Comment #0 by feklushkin.denis — 2018-03-04T00:37:27Z
std.datetime.date.Date accepts int year as argument but silently strips it to short: this(int year, int month, int day) @safe pure { enforceValid!"months"(cast(Month) month); enforceValid!"days"(year, cast(Month) month, day); _year = cast(short) year; _month = cast(Month) month; _day = cast(ubyte) day; } It is need to add bounds check or change argument type.

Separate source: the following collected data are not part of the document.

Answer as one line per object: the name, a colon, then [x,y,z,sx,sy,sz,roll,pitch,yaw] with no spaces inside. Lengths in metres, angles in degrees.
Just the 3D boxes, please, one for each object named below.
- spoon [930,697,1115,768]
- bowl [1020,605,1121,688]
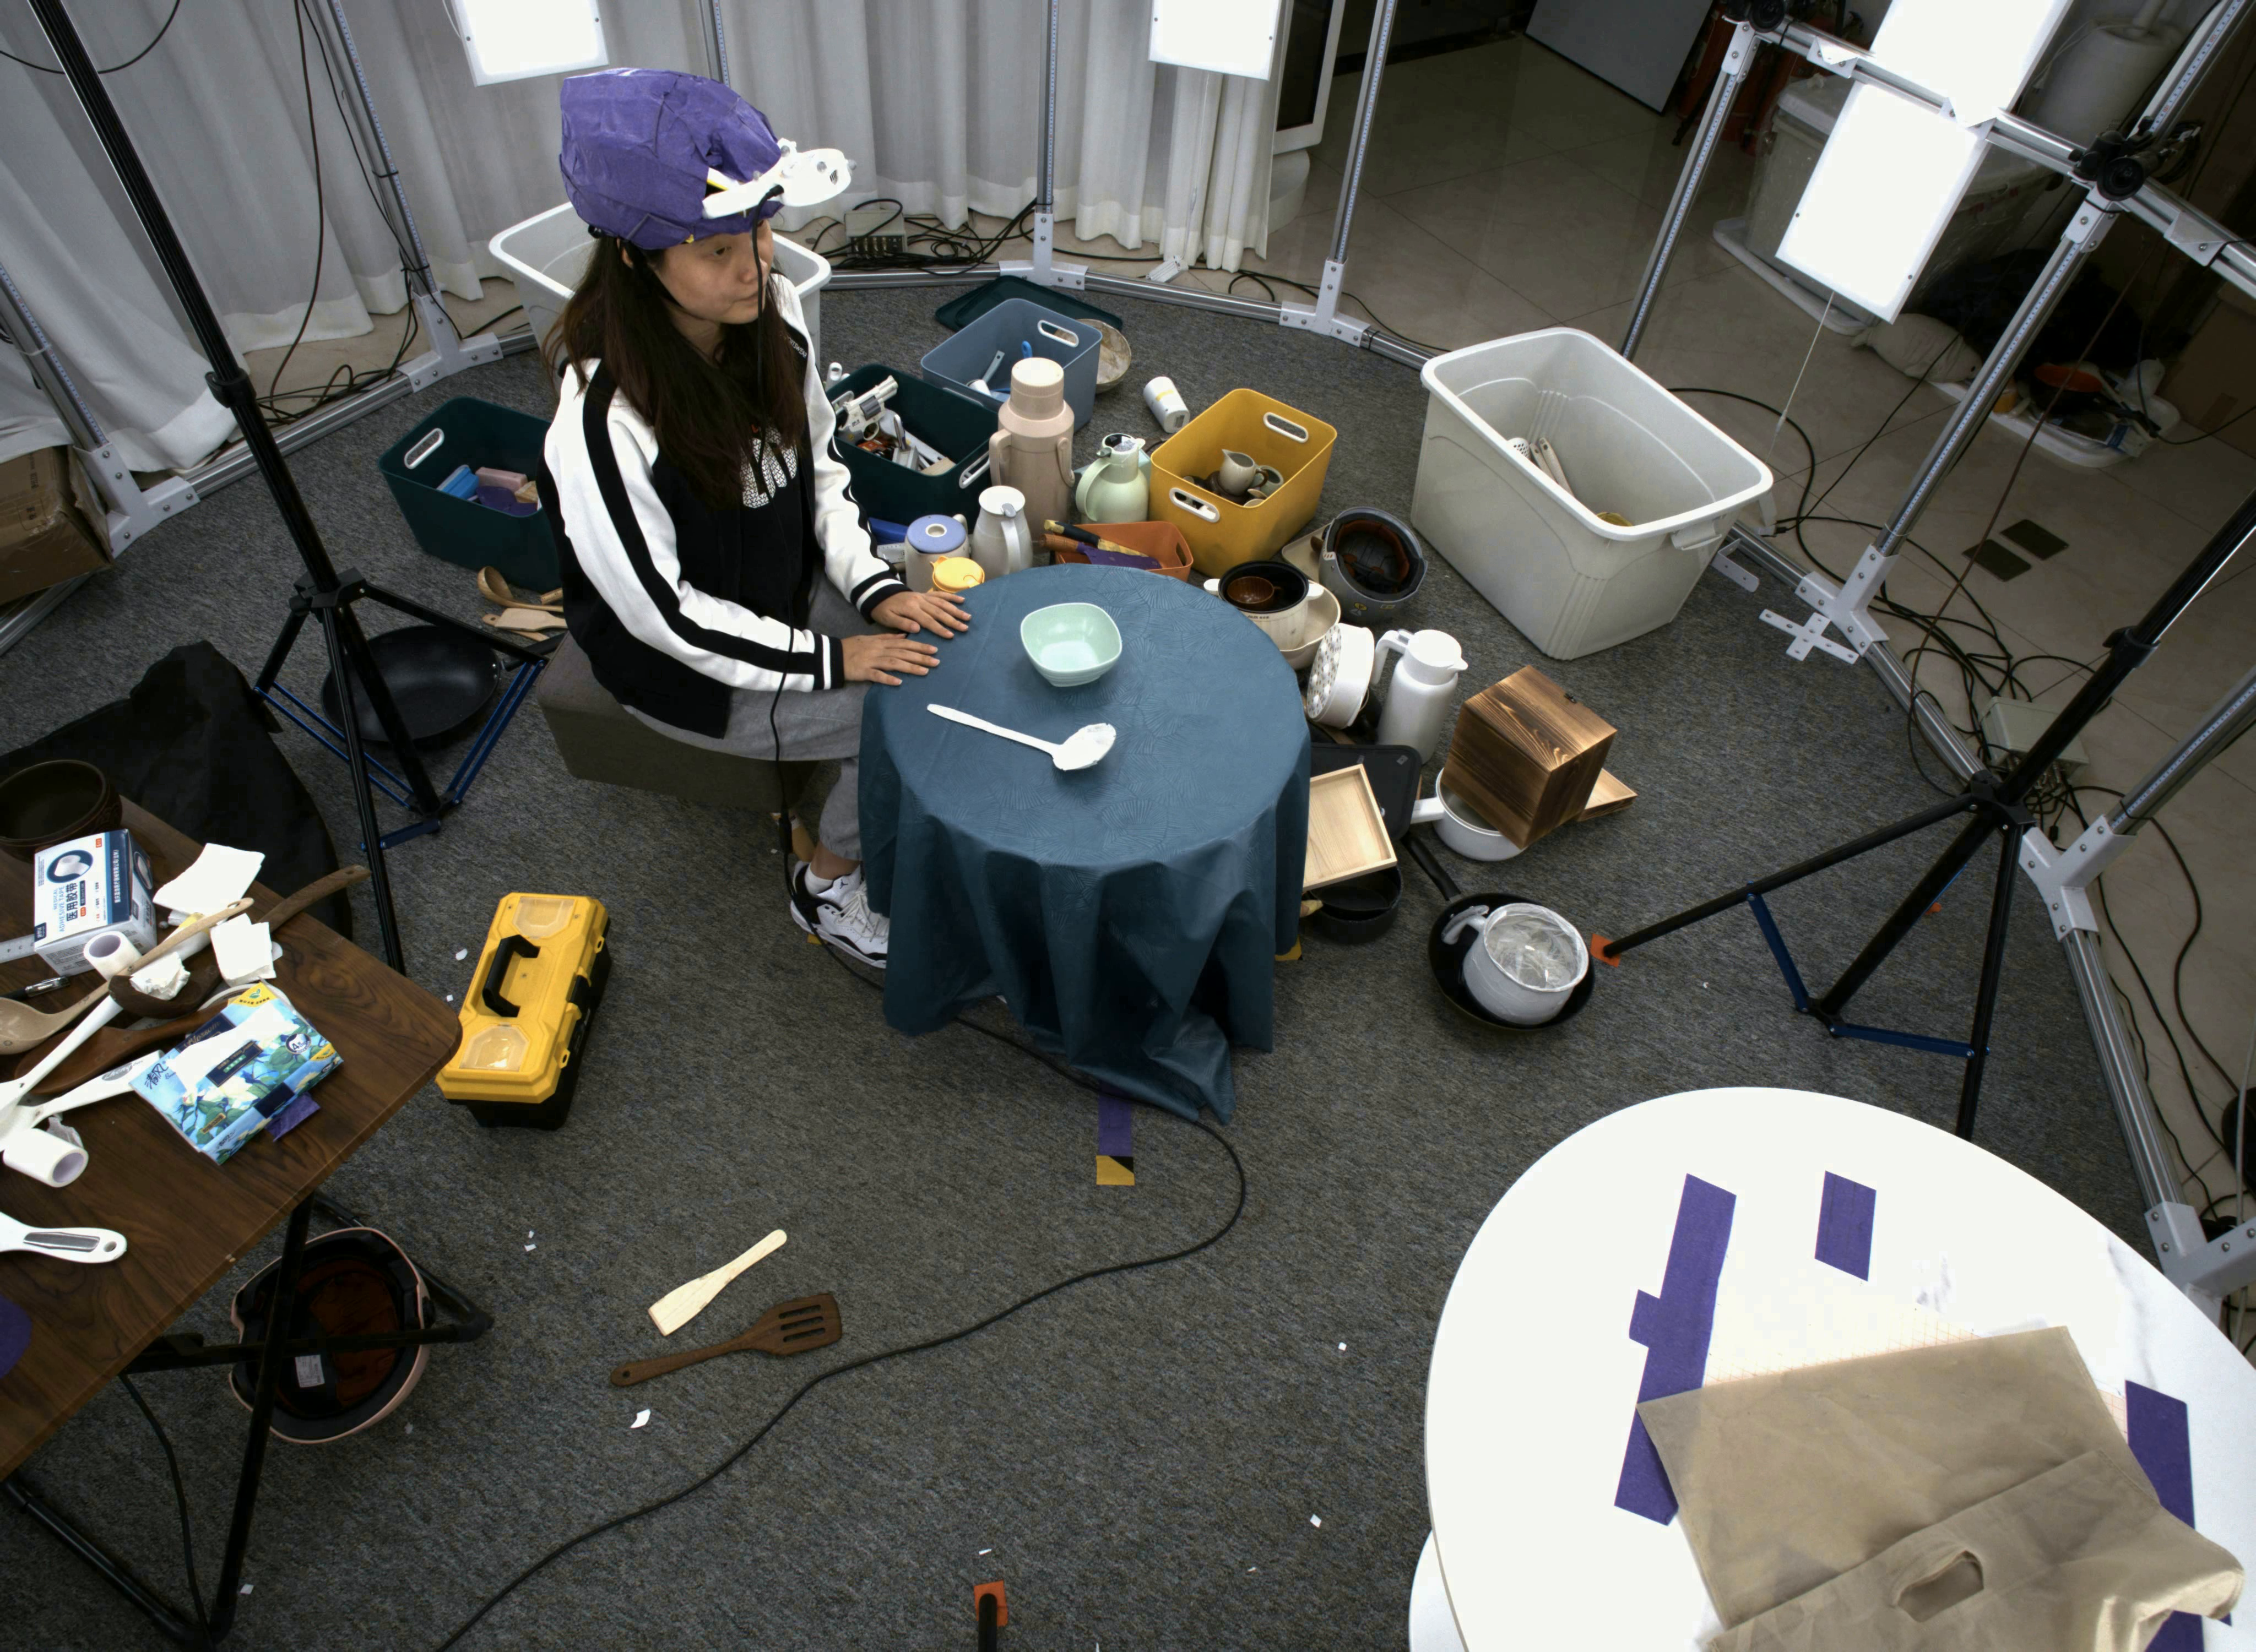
spoon: [-0.147,-0.146,1.750,0.279,0.058,0.102,23,47,15]
bowl: [-0.083,-0.250,1.848,0.151,0.057,0.155,2,49,-2]

Comment #1 by issues.dlang — 2018-03-04T00:58:48Z
What is the use case where this matters? The various constructors in std.datetime accepts int in order to avoid forcing casts when calling the constructor (especially since when it was first added to Phobos, VRP didn't exist, so passing integer literals to a short was an error even if they fit). The documenattion makes it pretty clear that Date does not support values beyond what a short can hold, and it would be highly abnormal to pass anything which did not fit in that range. Why should Date care about checking that it isn't given a ridiculous number for the year, especially when the result is still a perfectly valid Date?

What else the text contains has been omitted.